Monthly Archives: May 2009

Three Paragraphs of Nature

Bridge over the Marsh

There is an invisible boundary midway between Shoreline Park and the open tidal flats of San Francisco Bay beyond which the world belongs entirely to winged things: gulls and terns, innumerable songbirds, snoozing ducks and colonies of croaking pelicans, herons and egrets that stilt-walk through the grass and curl their necks into figure eights when they fly, and the large solitary raven that plucks mollusks from the oozing mud and breaks them on the rocks.  There are insects too: ladybugs and drab buzzing beetles, honeybees and bumblebees, and the broad black and yellow and small white butterflies that flit like fairies through the mustard flowers and the cowbane on either side of the path.

I spent my lunch hour today hiking down the levies that escort Stevens Creek and Whisman Slough into the Bay.  It’s a gravel trail on top that drops on the right into cattails and tidal ponds and on the left into lush sloping lawns that verge the creek, thick with marsh grass and hardy low shrubs, where ground squirrels scamper and jackrabbits hop incautiously from flower to flower.  At low tide the place has a rich sour odor of sweating mud and rotting vegetable matter.  A mile and a half out the fresh water from Stevens Creek ceases to flow eastward as it had all the way from the Santa Cruz Mountains and the saltwater from the Bay begins to push back up the half-empty channel.
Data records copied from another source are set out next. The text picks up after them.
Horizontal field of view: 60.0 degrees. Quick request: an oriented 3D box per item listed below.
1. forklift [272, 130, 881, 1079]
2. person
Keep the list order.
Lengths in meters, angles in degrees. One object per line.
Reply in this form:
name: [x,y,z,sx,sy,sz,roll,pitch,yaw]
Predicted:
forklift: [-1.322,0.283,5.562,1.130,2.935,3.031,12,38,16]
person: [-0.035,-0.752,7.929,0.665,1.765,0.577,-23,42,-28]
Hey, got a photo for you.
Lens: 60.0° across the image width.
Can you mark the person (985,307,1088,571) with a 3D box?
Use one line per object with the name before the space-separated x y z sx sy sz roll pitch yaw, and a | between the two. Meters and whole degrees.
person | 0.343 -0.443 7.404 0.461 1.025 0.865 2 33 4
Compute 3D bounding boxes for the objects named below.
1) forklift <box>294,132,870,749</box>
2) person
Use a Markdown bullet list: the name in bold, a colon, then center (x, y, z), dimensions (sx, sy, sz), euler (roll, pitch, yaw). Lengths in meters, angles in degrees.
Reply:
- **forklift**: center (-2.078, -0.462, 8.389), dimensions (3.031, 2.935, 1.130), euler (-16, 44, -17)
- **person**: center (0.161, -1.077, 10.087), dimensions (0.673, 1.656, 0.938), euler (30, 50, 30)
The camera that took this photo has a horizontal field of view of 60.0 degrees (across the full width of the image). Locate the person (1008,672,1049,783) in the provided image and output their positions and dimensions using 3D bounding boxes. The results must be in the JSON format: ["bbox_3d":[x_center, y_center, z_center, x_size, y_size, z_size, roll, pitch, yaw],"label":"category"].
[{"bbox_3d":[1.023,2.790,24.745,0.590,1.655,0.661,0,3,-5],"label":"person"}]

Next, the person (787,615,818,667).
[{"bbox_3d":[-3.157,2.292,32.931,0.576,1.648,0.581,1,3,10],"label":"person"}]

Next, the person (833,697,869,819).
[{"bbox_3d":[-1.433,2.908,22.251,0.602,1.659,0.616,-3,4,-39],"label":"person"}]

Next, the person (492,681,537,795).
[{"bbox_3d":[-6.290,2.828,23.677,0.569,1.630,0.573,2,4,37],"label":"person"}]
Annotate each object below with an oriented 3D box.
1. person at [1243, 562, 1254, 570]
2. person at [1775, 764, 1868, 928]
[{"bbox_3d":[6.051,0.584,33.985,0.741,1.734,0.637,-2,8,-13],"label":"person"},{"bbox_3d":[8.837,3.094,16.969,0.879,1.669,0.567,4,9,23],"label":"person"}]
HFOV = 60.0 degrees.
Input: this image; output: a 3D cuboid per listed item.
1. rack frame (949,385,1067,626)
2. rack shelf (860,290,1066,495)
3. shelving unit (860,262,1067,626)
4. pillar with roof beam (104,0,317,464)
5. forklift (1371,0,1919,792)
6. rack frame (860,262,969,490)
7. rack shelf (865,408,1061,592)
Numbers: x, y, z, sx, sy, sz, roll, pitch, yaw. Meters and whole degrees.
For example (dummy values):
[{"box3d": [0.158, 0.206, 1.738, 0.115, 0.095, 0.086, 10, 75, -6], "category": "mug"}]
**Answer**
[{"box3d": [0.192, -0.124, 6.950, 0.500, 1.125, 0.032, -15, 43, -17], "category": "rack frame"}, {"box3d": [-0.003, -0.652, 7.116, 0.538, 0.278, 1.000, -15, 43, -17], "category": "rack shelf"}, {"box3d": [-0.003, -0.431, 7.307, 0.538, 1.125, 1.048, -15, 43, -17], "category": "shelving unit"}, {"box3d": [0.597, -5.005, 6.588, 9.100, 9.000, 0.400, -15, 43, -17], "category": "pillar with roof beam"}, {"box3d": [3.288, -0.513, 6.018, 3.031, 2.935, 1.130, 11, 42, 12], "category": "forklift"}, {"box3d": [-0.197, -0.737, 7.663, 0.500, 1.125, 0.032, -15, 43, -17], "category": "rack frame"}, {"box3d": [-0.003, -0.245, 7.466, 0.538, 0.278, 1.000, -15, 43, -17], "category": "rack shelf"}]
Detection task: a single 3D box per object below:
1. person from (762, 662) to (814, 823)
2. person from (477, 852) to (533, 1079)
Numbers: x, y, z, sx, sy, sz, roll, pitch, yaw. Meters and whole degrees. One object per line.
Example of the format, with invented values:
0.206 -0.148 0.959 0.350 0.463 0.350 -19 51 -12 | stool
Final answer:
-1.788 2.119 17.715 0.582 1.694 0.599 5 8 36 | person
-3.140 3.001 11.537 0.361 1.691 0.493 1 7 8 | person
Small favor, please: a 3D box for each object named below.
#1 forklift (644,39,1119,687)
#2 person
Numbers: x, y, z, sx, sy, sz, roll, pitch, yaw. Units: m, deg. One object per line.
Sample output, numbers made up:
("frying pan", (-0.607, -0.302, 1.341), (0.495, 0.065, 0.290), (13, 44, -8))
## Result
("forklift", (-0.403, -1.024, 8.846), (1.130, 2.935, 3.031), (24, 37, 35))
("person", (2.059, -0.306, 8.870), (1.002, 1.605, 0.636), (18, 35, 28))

Set here and there in the ponds are false islands, hunters’ blinds of sun-bleached wooden planking gapped like teeth when the gums have receded to allow for the barrels of shotguns in season.  There are metal towers for power lines, too, which seem oddly out of place, and the hum of electricity running through the cables is audible at a distance.  The path dead-ends at the open tidal flats, a vast killing field of saline mud where gulls in their thousands hunt the puddles for stranded fish, and clams and mussels poke up from the silt like paving tiles.  A bubbly, sucking sound of water leeching from the exposed earth in every direction makes a chorus to beg back the tide, which is on its way anyhow.  Meanwhile the circling raven eyes me curiously.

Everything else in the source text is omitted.